Sergio Martino was not a regular spaghetti western director. He made his name through a series of fantastic giallo thrillers in the early 70's (All the Colours of the Dark, The Strange Vice of Mrs. Wardh etc) but he was generally a genre director who dabbled with anything that came his way. As a testament to his talent, he was usually successful, often with stunning results. He had tried his hand on the western once more in the Anthonio De Steffen vehicle Arizona Colt Returns, which was a pleasurable entry but business as usual for the most part. Mannaja is markedly different in that it strives for more. It has ambition and the means to pull it off.

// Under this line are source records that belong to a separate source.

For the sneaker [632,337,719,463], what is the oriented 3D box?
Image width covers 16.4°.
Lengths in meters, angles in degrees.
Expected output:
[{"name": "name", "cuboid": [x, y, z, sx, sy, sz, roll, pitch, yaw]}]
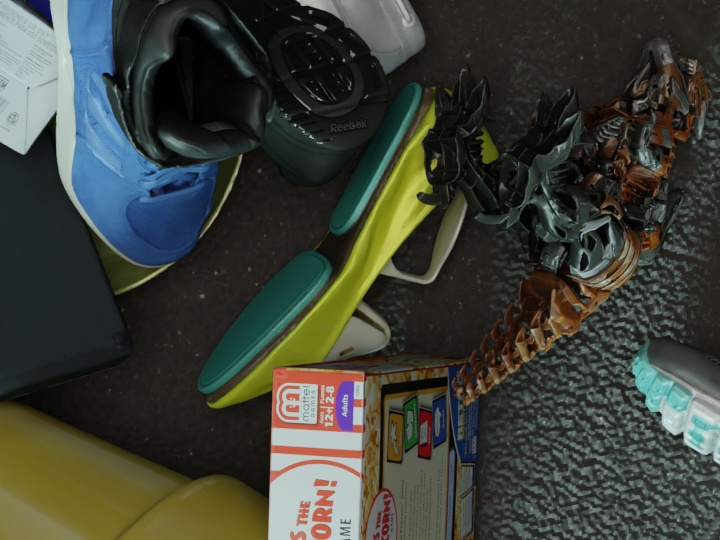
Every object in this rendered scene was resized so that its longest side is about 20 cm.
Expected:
[{"name": "sneaker", "cuboid": [0.234, 0.067, 1.247, 0.199, 0.078, 0.092, 23, 76, 0]}]

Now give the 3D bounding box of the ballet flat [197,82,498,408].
[{"name": "ballet flat", "cuboid": [0.000, 0.000, 1.261, 0.067, 0.067, 0.200, 35, 91, -18]}]

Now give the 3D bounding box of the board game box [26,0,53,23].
[{"name": "board game box", "cuboid": [-0.166, -0.231, 1.172, 0.045, 0.201, 0.152, -25, 44, -28]}]

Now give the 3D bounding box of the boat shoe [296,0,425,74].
[{"name": "boat shoe", "cuboid": [-0.029, -0.188, 1.259, 0.068, 0.072, 0.201, -25, 82, -17]}]

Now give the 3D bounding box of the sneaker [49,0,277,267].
[{"name": "sneaker", "cuboid": [-0.089, -0.062, 1.167, 0.076, 0.111, 0.201, -23, 133, -23]}]

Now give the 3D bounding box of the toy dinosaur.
[{"name": "toy dinosaur", "cuboid": [0.104, -0.029, 1.220, 0.102, 0.136, 0.201, -11, 52, 40]}]

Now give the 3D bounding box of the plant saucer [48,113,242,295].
[{"name": "plant saucer", "cuboid": [-0.155, -0.083, 1.283, 0.199, 0.031, 0.202, 0, 90, 4]}]

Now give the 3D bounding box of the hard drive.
[{"name": "hard drive", "cuboid": [-0.218, 0.003, 1.191, 0.199, 0.033, 0.140, -16, 80, -35]}]

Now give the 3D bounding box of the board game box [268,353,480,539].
[{"name": "board game box", "cuboid": [0.010, 0.118, 1.187, 0.046, 0.200, 0.153, 2, 90, 17]}]

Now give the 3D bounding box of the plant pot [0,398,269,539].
[{"name": "plant pot", "cuboid": [-0.143, 0.163, 1.212, 0.188, 0.201, 0.201, 35, 92, 17]}]

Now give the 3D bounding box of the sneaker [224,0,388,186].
[{"name": "sneaker", "cuboid": [-0.067, -0.122, 1.222, 0.076, 0.091, 0.201, -25, 72, -24]}]

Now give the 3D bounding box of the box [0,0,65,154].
[{"name": "box", "cuboid": [-0.234, -0.147, 1.206, 0.200, 0.117, 0.060, 38, 93, 33]}]
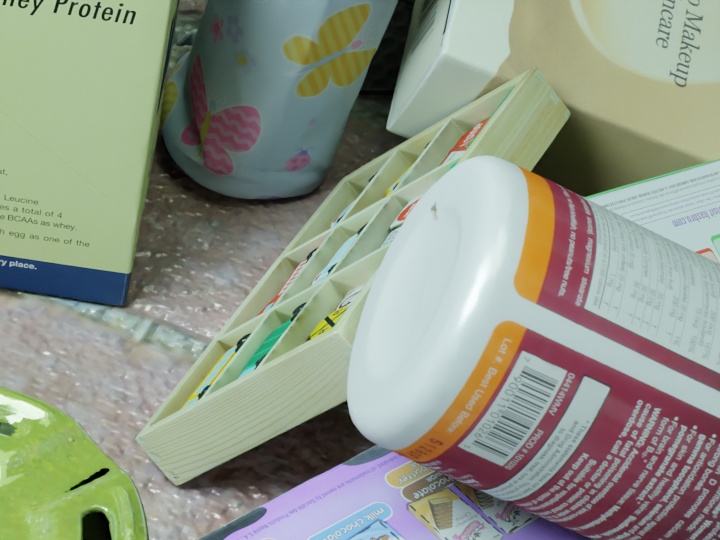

Strangely, Mannaja takes its cue from Enzo G. Castellari's incredible Keoma (or as it was retitled for commercial purposes, Django Rides Again) from one year earlier. Maurizio Merli's Mannaja bears more than a passing resemblance to the dirty and grim looking Keoma played by Franco Nero, there are several beautiful slo-mo shots, a dream-like atmosphere in places, it's quite brutal (a hand is chopped, a woman is whipped, a man gets an axe in his head, old ladies and other innocent bystanders are shot and killed) and the score is very weird by spaghetti western standards and it can be as annoying as Keoma's (although I didn't mind the latter). Just as Keoma, it doesn't shy away from taking risks and luckily it pays off, no least thanks to Martino's skillful directing. There's visual awesomeness to be found throughout the movie. Striking compositions are enhanced by great set design lending a gritty feeling to everything from the dilapidated town to the dirty clothes to the muddy streets. Nature plays a big part in how the movie looks: rain, mud, fog are all used to great effect, the last shootout in the fog adding a surreal, ghost-town quality to it. The look of the first half hour reminded me of Altman's McCabe and Mrs. Miller for some reason, with a dash of Django. It also appears to be very much influenced by the work of Sam Peckinpah, whom Sergio Martino himself cites as an inspiration. Generally it's equal parts gritty and atmospheric and with enough budget to hold everything on the seams.

Maurizio Merli made his name in the Italian movie business by playing violent Dirty Harry-esquire cops in polizioto crime flicks and was quite successful as a genre actor. He can play the mean machine effortlessly and it's a real pleasure to watch him as a badass bounty hunter here. A real shame that he didn't do more westerns and even more so that he passed away 4-5 years after making this one. The rest of the cast all turn in fine performances.

Mannaja might have come during the twilight of the spaghetti western but it's easily one of the best it has to offer. A must-see for fans.